TO DO: Please repeat the line that contains "Camera HFOV: 99.7 deg." and every line after it, exactly, through the end of the records.

WORKING DATA:
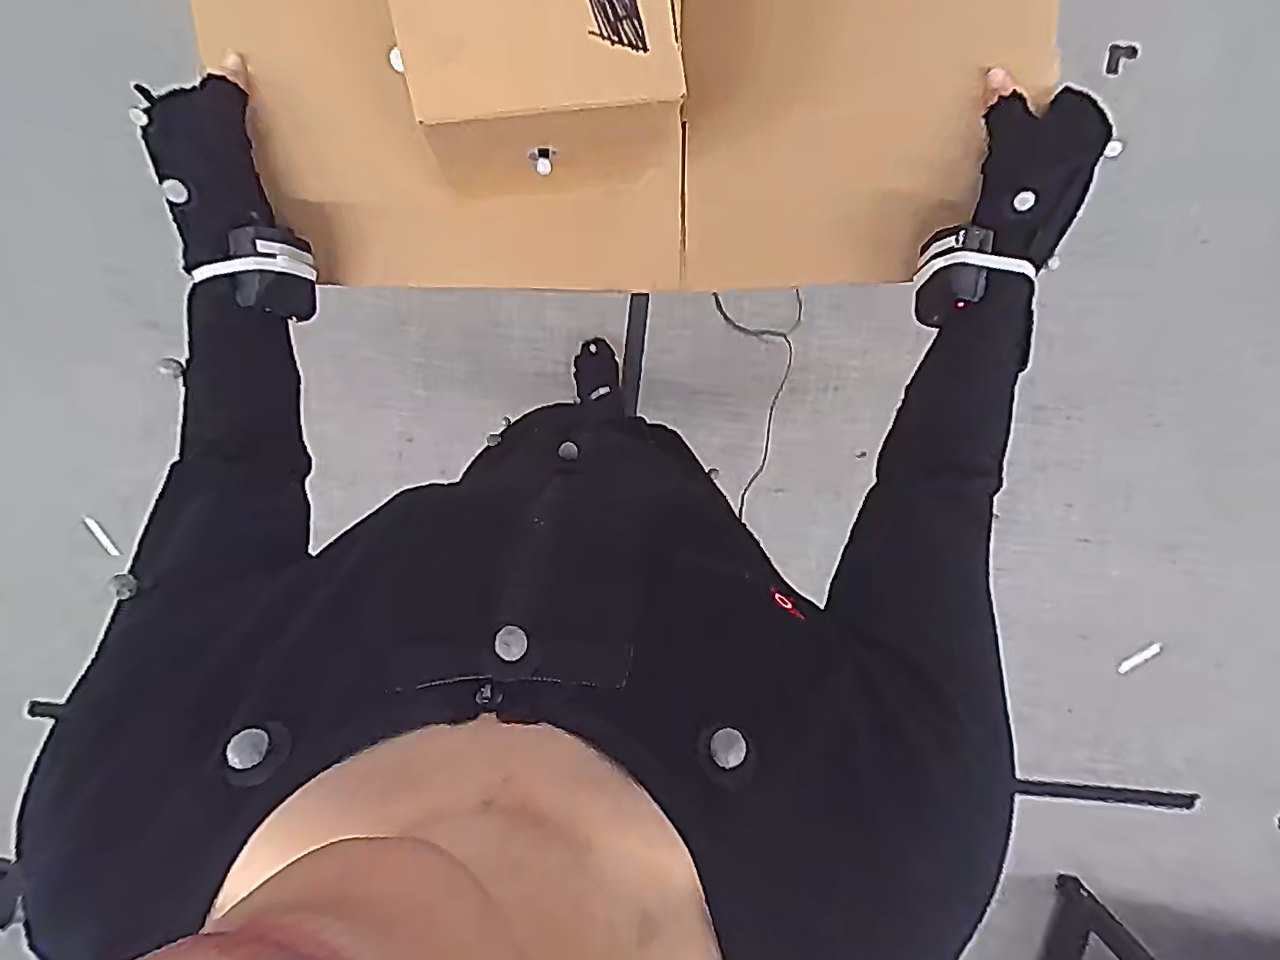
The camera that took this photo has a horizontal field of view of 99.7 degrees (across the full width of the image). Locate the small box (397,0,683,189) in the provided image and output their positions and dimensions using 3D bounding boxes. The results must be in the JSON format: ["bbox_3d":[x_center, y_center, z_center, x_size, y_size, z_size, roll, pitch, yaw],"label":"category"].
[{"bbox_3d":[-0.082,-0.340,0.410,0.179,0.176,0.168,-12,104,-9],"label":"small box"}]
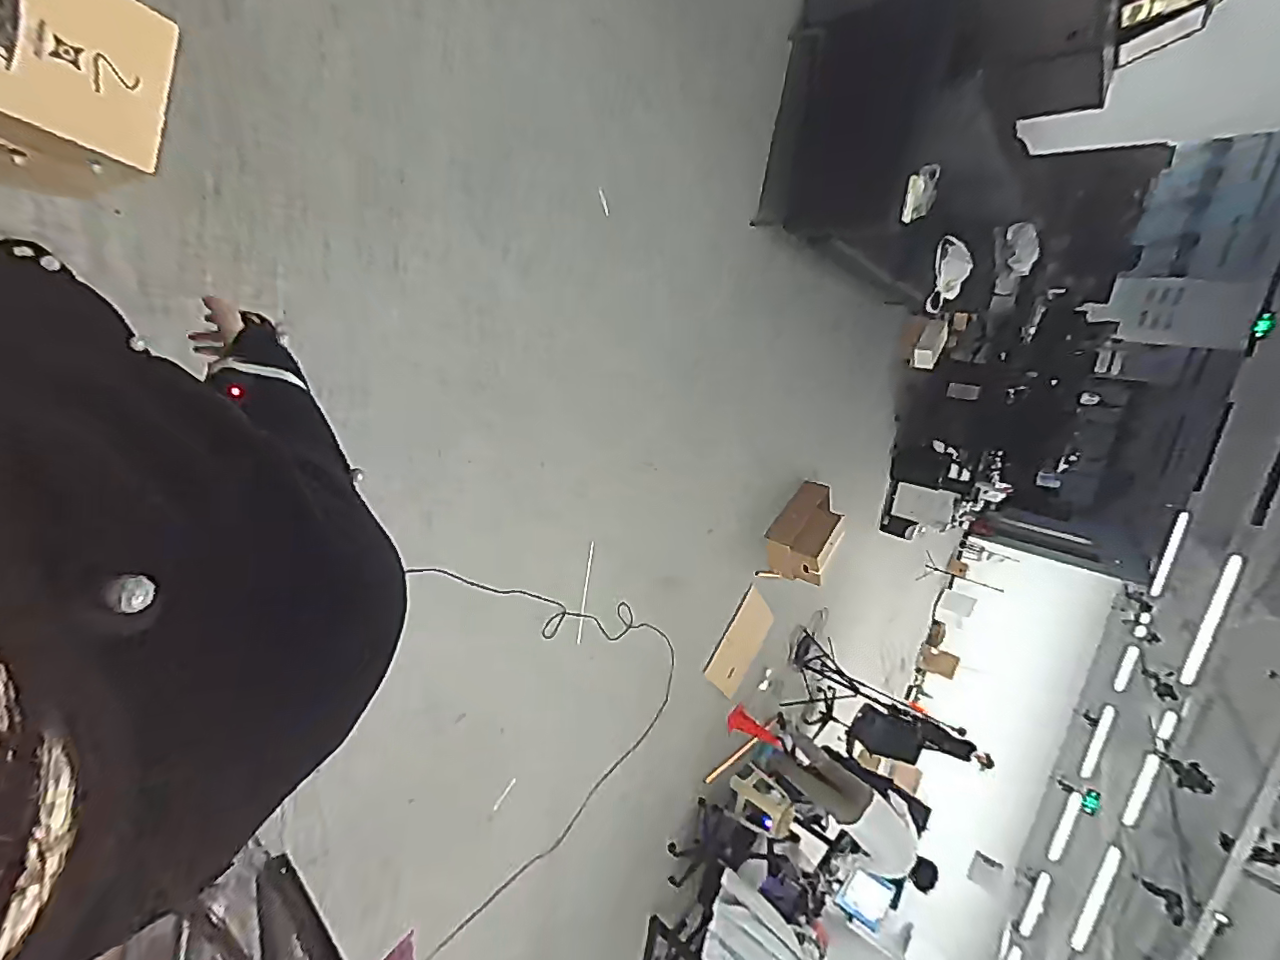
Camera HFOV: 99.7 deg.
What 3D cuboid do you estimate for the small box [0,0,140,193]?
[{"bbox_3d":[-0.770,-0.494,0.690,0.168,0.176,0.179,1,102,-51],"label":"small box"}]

OUTPUT:
Camera HFOV: 99.7 deg.
What 3D cuboid do you estimate for the small box [0,0,140,193]?
[{"bbox_3d":[-0.770,-0.494,0.690,0.168,0.176,0.179,1,102,-51],"label":"small box"}]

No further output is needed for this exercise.